California is not the first government plaintiff to take action against oil and gas companies. A number of local governments and even some states have filed similar liability lawsuits. Boulder and San Miguel counties, for example, are suing ExxonMobil and Suncor Energy to offset the costs of climate change. But California’s status as a leading oil producer and the world’s fifth-largest economy makes his argument worth mentioning.
The lawsuit says the California public has spent billions of dollars recovering from wildfires, droughts, superstorms, dwindling water supplies, extreme heat and other dangers of climate change, and seeks to “hold these companies accountable for the lies that they told, and to hold accountable for the damage they have caused.”
How is this different from the climate crisis in Colorado?
Some observers say California’s measure could spark a wave of climate lawsuits against big oil companies in states across the country. This should include Colorado.

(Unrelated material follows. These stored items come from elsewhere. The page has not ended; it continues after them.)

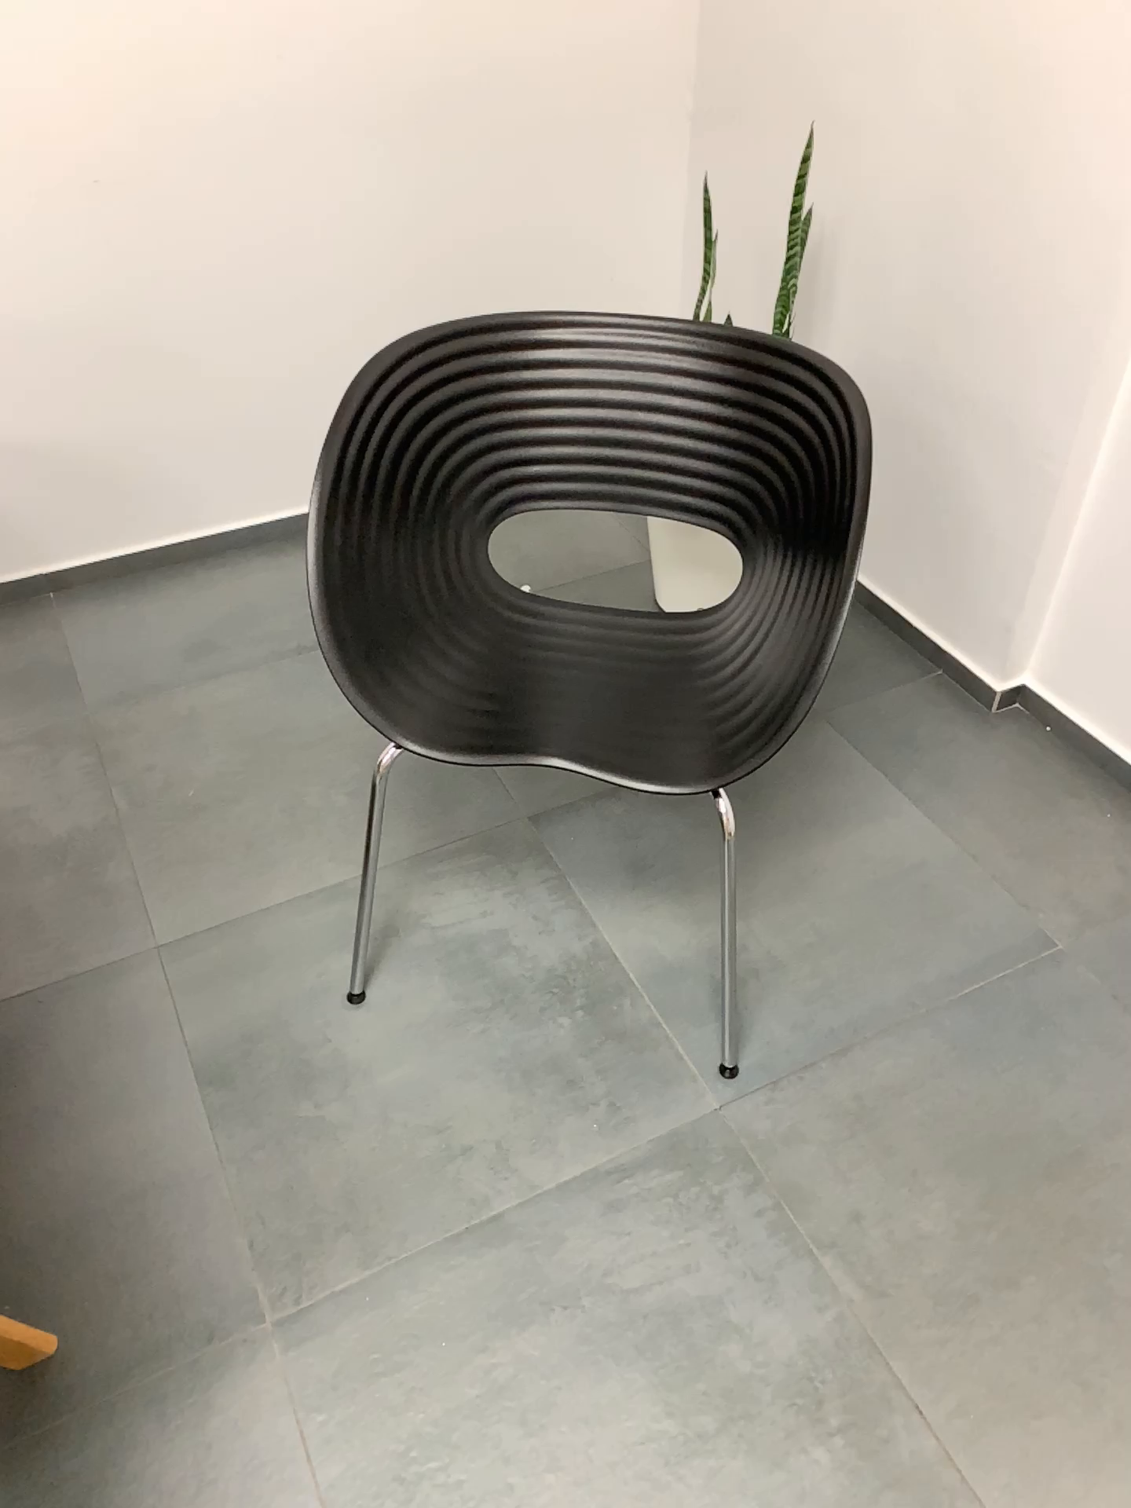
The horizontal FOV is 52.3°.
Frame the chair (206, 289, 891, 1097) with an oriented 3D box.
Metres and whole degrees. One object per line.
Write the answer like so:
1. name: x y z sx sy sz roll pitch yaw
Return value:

The 2021 Marshall Fire in Boulder County was the most devastating wildfire in the state’s history. The three largest wildfires in Colorado history all occurred in 2020, and the state’s 20 largest wildfires on record all occurred in the last two decades. The southwestern United States, including Colorado, is experiencing drought, and the Colorado River Basin is experiencing a “megadrought,” the worst in 1,200 years.
Climate change is a major factor in these disasters, which cost the state and its residents billions of dollars. Why shouldn’t lying fossil fuel giants pay for what they did?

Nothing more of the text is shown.